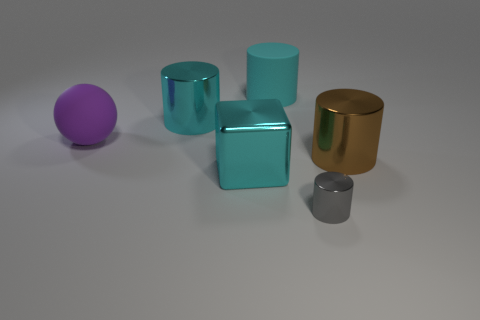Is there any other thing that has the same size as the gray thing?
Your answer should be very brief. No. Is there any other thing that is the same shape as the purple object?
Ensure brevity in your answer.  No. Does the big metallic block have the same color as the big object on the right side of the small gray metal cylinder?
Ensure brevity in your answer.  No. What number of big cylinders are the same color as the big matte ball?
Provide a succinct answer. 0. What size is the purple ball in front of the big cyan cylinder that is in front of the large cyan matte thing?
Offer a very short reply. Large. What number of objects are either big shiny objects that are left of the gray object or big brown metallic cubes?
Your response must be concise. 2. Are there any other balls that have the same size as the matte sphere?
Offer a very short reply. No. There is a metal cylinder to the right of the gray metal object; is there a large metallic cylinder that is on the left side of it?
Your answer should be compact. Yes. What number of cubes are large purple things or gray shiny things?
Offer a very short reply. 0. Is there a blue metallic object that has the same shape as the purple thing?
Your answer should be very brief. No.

------------------------------------------------------------------------

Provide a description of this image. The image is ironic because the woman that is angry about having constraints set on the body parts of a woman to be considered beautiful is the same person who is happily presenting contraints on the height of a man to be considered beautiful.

------------------------------------------------------------------------

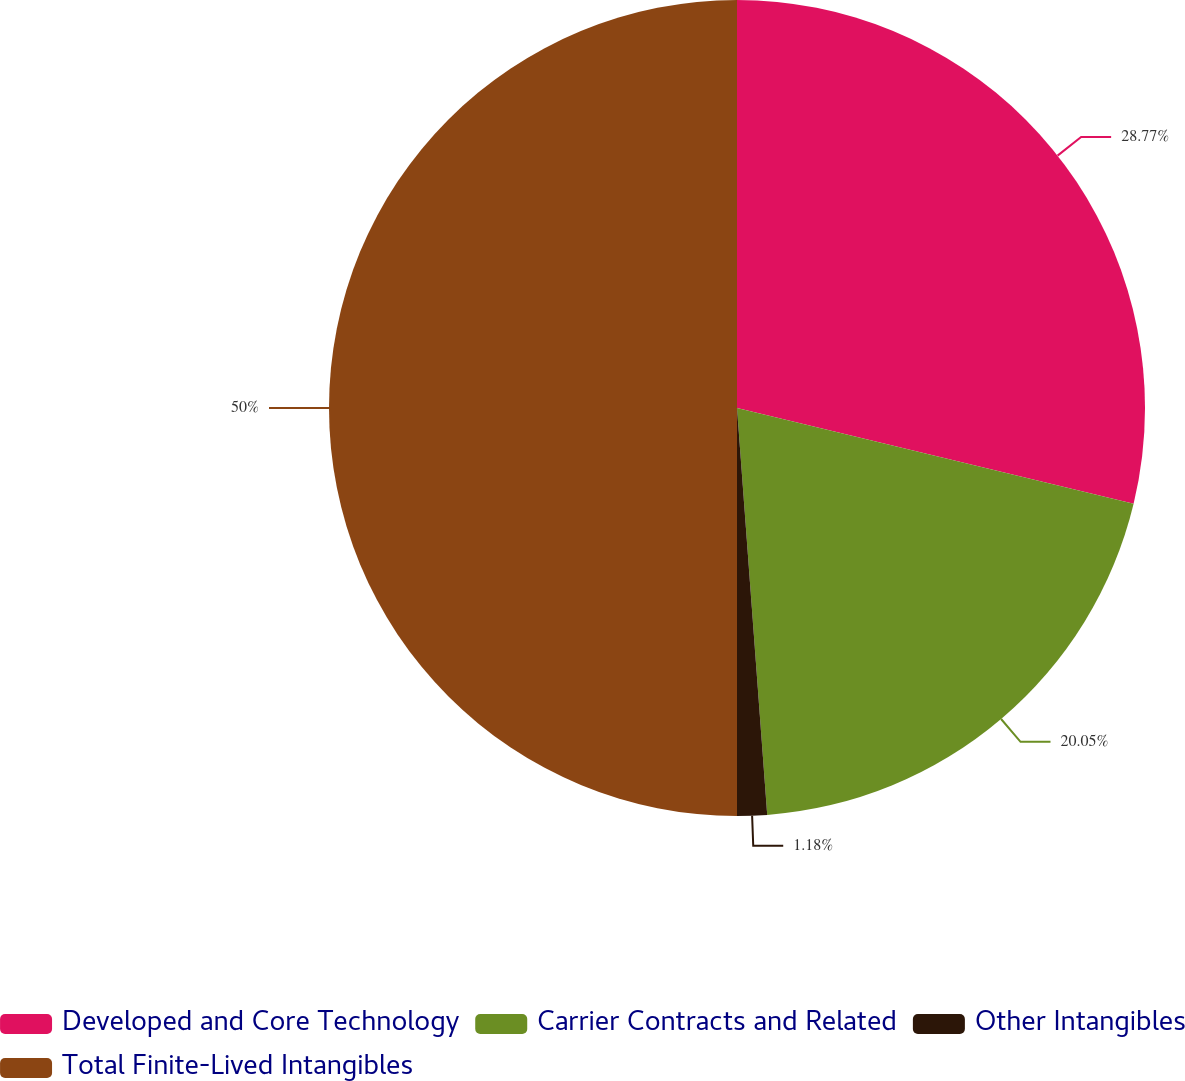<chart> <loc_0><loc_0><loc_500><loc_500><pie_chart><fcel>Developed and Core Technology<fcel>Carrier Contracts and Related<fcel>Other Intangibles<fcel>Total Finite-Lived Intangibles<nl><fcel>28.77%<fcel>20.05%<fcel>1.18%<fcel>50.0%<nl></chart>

------------------------------------------------------------------------

# EXERCISE
How many lines of the entries above include the word "brevity"? Answer with the number only.

# RESPONSE AREA
2